Today: Monday, 23 December 2024 year

French foreign minister in Lebanon with a message of ‘great firmness’

French foreign minister in Lebanon with a message of ‘great firmness’

France’s top diplomat began a visit to Lebanon Thursday with a message of “great firmness” to its leaders.

Upon his arrival in Beirut, Jean-Yves Le Drian said French travel restrictions on Lebanese officials suspected of corruption or hindering the formation of a new Cabinet were “just the start.”

Lebanon is experiencing the worst economic and financial crisis of its modern history. The local currency has lost 85% of its value against the dollar in recent months while banks imposed informal controls on transfers and withdrawals. France has been trying to force change on Lebanon’s ruling class, whose corruption and mismanagement has driven the tiny country into the ground and pushed it to the verge of bankruptcy.

Over the year, the government of PM Hassan Diab stepped down in the wake of the explosion, and former premier Saad Hariri was tasked with forming a new one.

Hariri has not been able to form a Cabinet amid deep disagreements between him and President Michel Aoun, who has no legal recourse to fire him. Le Drian sent the message of our complete solidarity to the Lebanese people.

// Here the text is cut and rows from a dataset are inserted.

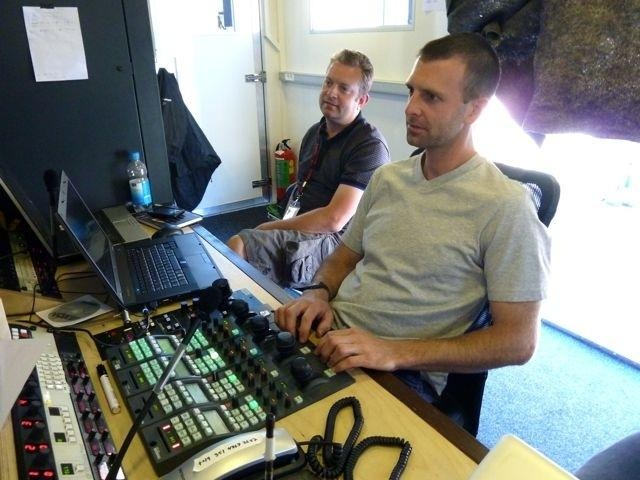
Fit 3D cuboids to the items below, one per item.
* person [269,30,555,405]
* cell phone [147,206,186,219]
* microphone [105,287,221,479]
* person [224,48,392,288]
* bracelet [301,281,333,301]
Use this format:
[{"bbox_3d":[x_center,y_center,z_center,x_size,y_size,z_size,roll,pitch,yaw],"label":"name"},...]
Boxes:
[{"bbox_3d":[0.292,-0.058,1.648,0.837,1.076,0.634,17,18,42],"label":"person"},{"bbox_3d":[-0.682,-0.122,2.258,0.086,0.026,0.087,15,21,36],"label":"cell phone"},{"bbox_3d":[-0.394,0.372,1.286,0.084,0.525,0.167,39,25,19],"label":"microphone"},{"bbox_3d":[-0.154,-0.274,2.573,0.963,1.250,0.680,-8,22,-37],"label":"person"},{"bbox_3d":[-0.015,0.164,1.826,0.085,0.060,0.096,9,5,7],"label":"bracelet"}]
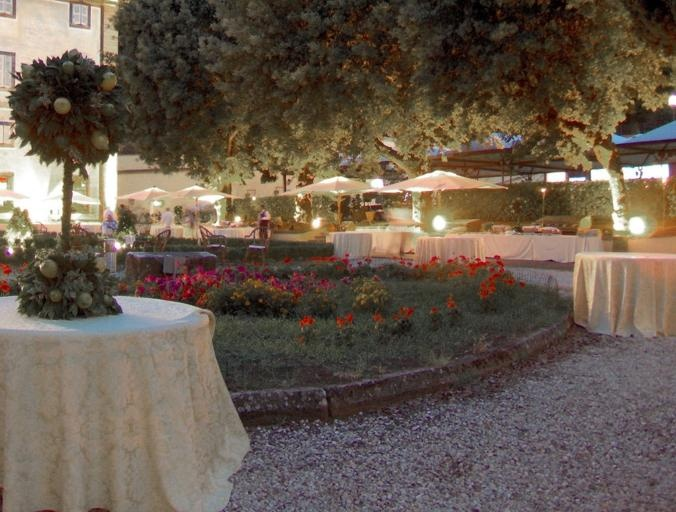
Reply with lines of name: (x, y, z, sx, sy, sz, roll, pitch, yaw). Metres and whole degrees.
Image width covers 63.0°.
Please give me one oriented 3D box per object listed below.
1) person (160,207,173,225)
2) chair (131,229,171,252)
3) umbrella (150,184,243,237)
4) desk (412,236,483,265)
person: (-7.187, -1.676, 23.249, 0.345, 0.739, 1.809, 0, 5, -20)
chair: (-5.923, -0.494, 17.465, 0.843, 0.481, 0.897, 3, 10, 19)
umbrella: (-5.316, -1.984, 20.620, 1.909, 1.481, 2.072, -3, 26, 16)
desk: (2.624, -0.130, 13.278, 1.530, 0.695, 0.643, 3, 5, 11)
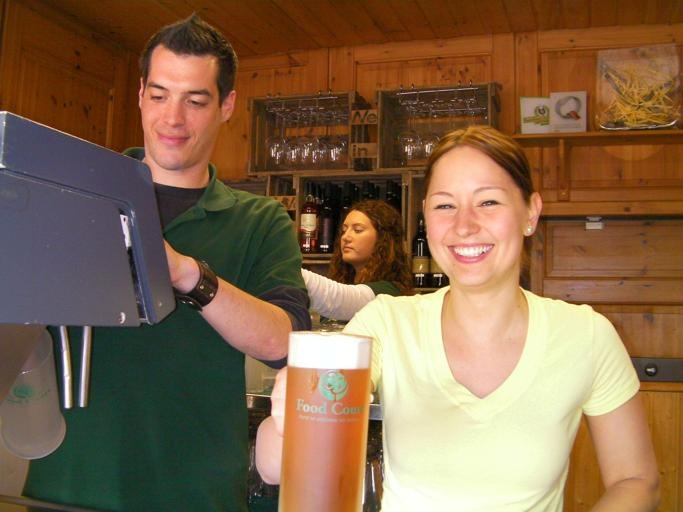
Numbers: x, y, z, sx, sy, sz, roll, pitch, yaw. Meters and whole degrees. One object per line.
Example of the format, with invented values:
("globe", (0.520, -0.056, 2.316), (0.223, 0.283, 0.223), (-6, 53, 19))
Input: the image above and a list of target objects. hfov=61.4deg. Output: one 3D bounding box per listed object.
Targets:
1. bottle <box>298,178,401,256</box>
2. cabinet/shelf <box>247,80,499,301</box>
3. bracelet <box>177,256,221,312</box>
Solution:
("bottle", (0.044, -0.100, 3.688), (0.491, 0.433, 0.157), (1, -3, 1))
("cabinet/shelf", (0.243, -0.405, 4.197), (1.667, 0.961, 0.428), (-1, 15, -5))
("bracelet", (-0.327, 0.107, 1.362), (0.082, 0.104, 0.075), (-34, -49, 12))
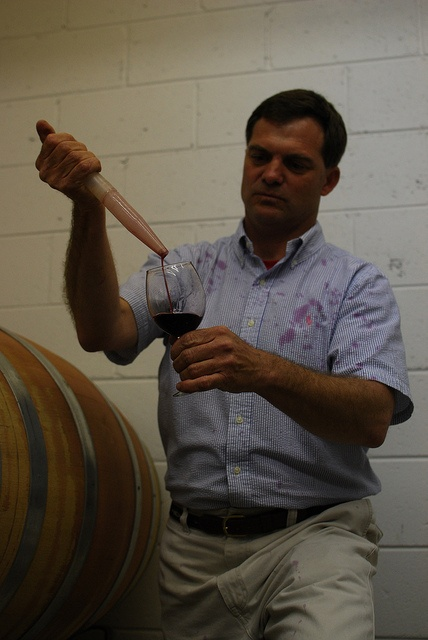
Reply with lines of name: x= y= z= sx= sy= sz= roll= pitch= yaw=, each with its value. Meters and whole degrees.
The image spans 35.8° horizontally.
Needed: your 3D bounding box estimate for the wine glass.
wine glass: x=-0.050 y=0.011 z=1.052 sx=0.099 sy=0.085 sz=0.179 roll=-7 pitch=88 yaw=35
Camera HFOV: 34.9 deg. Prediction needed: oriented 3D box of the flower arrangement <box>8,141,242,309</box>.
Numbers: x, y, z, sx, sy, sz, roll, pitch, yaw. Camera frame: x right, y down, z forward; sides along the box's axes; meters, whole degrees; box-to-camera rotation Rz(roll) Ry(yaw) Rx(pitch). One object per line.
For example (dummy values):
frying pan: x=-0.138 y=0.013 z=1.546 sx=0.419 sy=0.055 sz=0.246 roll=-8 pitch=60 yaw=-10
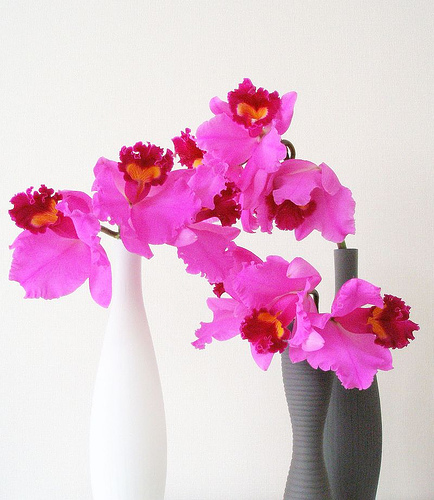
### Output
flower arrangement: x=-0.107 y=0.013 z=0.835 sx=0.230 sy=0.197 sz=0.143 roll=-10 pitch=-39 yaw=-7
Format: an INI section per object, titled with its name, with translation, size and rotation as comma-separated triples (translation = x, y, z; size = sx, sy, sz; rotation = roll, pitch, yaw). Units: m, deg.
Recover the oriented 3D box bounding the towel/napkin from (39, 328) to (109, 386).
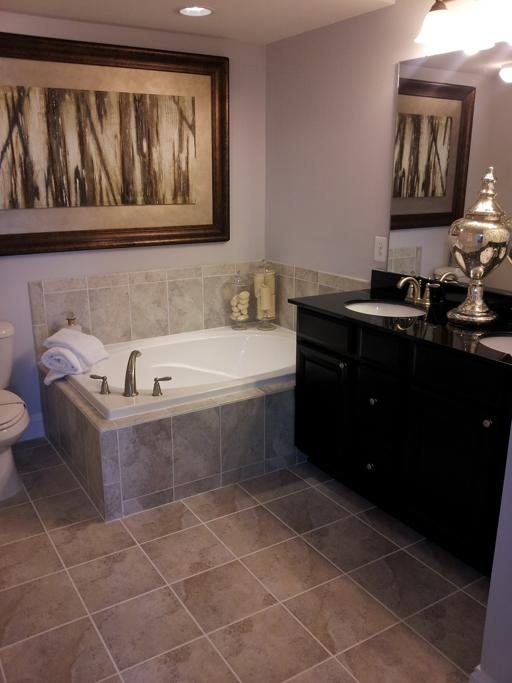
[towel/napkin]
translation = -0.878, 0.056, 2.569
size = 0.264, 0.116, 0.279
rotation = 3, 27, 1

“Firmness in the face of those hindering the formation of a government: we have taken national action, and this is just the start,” foreign minister Le Drian wrote on Twitter on Thursday.

Last year, French President Emmanuel Macron proposed a road map to break the political stalemate in the former French protectorate. Macron, who has previously said he is “ashamed” of Lebanese politicians, has been pressing for a Cabinet made up of non-partisan specialists who can work on urgent reforms to extract Lebanon from its multiple crises.

Those efforts have led nowhere as Lebanese top officials continue to bicker about the shape and size of a new Cabinet, and who chooses which ministers.